DIRECTIONS FOR THIS TASK
Pick out the lines in the listing below that contain the word "values" and copy them.

PROVIDED RECORDS
__________
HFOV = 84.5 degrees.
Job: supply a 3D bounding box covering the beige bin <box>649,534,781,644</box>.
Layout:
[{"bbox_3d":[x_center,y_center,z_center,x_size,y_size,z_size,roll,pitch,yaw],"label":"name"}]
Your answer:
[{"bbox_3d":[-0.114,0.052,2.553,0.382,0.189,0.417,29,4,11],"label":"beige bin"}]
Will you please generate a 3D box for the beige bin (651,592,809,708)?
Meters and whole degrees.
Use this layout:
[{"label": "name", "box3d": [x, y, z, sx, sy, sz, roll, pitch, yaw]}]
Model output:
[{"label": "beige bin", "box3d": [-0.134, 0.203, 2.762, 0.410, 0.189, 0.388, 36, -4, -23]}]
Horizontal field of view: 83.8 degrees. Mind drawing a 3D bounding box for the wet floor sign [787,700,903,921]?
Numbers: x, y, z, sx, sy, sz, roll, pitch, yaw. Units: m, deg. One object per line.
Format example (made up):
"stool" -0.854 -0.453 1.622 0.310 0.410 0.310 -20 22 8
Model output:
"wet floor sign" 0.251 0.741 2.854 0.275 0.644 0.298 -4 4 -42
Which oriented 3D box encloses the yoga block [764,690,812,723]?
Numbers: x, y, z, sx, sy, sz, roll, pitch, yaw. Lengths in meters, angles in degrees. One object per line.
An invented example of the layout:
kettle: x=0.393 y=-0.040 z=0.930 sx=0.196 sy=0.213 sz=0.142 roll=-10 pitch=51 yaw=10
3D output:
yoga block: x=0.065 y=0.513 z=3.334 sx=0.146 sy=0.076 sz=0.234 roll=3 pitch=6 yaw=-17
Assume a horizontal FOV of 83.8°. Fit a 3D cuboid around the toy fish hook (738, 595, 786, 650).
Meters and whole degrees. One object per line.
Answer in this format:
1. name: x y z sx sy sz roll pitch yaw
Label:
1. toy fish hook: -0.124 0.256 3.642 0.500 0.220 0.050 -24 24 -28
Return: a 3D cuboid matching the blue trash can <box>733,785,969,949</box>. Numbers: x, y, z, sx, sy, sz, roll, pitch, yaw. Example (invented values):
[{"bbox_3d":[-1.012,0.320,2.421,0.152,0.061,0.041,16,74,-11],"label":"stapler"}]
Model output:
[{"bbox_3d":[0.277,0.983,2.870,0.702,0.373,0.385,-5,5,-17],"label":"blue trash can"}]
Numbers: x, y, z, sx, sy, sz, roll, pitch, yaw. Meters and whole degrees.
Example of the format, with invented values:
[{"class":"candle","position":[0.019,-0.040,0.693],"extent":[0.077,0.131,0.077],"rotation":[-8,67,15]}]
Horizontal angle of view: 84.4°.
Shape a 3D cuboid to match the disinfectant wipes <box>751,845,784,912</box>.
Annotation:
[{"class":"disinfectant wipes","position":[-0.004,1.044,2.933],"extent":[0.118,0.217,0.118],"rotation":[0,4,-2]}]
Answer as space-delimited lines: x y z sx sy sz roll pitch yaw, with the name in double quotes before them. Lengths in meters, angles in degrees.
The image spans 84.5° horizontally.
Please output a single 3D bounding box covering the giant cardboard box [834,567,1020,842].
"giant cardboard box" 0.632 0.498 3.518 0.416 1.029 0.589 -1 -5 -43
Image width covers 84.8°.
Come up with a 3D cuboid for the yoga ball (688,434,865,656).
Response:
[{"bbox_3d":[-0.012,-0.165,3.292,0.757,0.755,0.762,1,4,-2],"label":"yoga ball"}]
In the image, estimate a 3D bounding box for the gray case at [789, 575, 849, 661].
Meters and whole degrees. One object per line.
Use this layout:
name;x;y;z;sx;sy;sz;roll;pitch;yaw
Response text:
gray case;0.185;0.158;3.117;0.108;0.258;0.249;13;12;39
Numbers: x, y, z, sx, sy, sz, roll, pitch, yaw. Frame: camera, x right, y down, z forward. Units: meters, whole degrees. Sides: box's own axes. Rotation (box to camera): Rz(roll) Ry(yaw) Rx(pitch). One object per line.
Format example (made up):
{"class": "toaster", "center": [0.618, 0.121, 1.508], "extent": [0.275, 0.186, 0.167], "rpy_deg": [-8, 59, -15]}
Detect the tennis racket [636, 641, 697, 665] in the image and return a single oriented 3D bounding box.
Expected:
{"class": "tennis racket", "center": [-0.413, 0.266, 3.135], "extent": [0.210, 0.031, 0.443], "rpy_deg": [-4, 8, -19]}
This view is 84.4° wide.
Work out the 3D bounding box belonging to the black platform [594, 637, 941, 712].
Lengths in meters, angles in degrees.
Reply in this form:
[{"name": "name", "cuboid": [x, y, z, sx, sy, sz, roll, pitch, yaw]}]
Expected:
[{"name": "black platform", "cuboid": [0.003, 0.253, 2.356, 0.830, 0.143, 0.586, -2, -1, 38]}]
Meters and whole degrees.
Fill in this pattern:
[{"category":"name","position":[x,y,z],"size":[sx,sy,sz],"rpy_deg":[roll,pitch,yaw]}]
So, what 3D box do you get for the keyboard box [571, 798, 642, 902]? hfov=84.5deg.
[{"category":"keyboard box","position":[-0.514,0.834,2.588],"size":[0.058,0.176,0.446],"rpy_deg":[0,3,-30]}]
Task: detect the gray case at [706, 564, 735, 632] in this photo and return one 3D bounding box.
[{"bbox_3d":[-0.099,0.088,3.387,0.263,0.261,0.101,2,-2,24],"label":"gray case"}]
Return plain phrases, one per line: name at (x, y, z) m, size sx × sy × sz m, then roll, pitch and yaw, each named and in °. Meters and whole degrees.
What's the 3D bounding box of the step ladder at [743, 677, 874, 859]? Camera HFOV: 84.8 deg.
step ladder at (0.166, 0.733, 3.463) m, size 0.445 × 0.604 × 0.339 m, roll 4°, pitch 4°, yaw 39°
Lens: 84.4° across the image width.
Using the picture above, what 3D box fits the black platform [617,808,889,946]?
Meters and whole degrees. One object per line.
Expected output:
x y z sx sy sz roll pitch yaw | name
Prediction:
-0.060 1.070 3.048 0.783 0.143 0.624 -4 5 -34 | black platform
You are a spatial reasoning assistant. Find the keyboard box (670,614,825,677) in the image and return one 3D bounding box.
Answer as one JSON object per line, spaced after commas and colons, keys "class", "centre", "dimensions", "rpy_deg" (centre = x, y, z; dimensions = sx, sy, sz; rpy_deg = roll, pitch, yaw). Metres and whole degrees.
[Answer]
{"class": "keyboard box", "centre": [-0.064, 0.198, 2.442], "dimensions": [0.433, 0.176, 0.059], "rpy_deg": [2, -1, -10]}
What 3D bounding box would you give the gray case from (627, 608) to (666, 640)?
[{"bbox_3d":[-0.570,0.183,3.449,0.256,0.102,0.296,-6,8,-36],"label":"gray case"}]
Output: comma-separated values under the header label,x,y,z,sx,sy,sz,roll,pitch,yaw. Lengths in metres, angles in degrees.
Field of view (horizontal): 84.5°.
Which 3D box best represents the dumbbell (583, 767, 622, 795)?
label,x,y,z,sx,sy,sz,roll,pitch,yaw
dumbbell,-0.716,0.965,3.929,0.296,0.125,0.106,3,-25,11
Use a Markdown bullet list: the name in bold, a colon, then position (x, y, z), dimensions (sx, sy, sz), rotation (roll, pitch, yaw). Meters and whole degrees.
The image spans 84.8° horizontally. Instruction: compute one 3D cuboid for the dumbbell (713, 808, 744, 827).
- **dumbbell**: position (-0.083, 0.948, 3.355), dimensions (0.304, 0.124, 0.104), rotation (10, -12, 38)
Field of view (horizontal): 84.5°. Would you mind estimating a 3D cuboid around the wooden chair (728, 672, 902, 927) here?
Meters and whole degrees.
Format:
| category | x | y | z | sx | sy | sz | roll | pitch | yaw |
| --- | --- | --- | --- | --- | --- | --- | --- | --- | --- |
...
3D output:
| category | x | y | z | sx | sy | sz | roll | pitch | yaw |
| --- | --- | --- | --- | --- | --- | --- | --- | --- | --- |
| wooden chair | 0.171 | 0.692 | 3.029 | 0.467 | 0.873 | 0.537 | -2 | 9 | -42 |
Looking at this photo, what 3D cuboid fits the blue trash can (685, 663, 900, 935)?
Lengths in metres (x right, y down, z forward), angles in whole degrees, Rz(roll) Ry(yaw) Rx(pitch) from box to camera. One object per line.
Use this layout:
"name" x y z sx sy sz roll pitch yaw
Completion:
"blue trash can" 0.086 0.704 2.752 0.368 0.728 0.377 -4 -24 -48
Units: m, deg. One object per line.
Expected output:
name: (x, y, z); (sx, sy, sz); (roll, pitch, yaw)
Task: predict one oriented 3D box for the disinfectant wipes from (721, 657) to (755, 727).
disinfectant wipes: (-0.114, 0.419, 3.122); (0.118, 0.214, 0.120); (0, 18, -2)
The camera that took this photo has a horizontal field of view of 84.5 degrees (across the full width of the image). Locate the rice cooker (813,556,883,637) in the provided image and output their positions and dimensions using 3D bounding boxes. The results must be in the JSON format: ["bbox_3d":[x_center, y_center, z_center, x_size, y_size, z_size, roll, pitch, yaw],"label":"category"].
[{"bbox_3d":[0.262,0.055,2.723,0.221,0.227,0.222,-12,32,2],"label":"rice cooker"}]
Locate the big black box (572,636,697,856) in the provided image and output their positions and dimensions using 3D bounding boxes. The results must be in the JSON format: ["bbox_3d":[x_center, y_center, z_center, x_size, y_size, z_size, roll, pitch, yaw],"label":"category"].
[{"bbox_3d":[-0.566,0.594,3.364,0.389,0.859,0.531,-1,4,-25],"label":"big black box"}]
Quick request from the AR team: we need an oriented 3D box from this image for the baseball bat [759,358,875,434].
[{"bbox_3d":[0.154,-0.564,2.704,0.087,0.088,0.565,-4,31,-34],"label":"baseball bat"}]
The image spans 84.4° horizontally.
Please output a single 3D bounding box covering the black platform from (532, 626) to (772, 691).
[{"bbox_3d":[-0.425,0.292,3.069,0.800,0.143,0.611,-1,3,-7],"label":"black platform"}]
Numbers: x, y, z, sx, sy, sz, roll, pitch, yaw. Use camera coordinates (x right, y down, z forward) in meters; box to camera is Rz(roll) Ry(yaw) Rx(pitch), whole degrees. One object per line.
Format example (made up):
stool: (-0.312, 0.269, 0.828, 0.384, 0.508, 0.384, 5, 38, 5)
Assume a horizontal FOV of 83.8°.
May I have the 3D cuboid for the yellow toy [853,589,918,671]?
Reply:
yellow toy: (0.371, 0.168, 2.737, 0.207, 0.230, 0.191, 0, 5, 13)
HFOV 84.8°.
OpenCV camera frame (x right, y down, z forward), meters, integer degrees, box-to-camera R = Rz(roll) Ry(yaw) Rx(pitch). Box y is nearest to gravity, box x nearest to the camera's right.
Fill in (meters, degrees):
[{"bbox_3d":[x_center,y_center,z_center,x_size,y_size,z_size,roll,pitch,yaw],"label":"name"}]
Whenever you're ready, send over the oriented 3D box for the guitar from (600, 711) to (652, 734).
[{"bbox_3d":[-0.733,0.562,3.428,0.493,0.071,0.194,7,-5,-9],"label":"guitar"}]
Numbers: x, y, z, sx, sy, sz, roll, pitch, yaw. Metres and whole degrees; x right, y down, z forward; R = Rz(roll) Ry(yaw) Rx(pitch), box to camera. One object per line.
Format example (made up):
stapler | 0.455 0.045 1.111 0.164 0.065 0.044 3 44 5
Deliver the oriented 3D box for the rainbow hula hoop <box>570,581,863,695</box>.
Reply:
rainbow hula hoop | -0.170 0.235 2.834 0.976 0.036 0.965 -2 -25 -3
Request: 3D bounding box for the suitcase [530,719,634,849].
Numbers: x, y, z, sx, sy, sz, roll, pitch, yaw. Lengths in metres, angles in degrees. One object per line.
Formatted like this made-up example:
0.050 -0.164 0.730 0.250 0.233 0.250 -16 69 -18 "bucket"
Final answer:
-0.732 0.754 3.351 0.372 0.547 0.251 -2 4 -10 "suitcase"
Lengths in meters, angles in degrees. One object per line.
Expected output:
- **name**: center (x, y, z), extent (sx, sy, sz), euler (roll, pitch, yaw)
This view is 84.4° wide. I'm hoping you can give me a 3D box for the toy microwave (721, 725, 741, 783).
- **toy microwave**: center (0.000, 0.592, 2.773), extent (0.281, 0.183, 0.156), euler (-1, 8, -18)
__________
ANSWER AREA
Return: a 3D cuboid matching the blue trash can <box>733,785,969,949</box>. Numbers: x, y, z, sx, sy, sz, roll, pitch, yaw. Example (invented values):
Example of the format, with invented values:
Output: comma-separated values under the header label,x,y,z,sx,sy,sz,roll,pitch,yaw. Lengths in metres, angles in degrees.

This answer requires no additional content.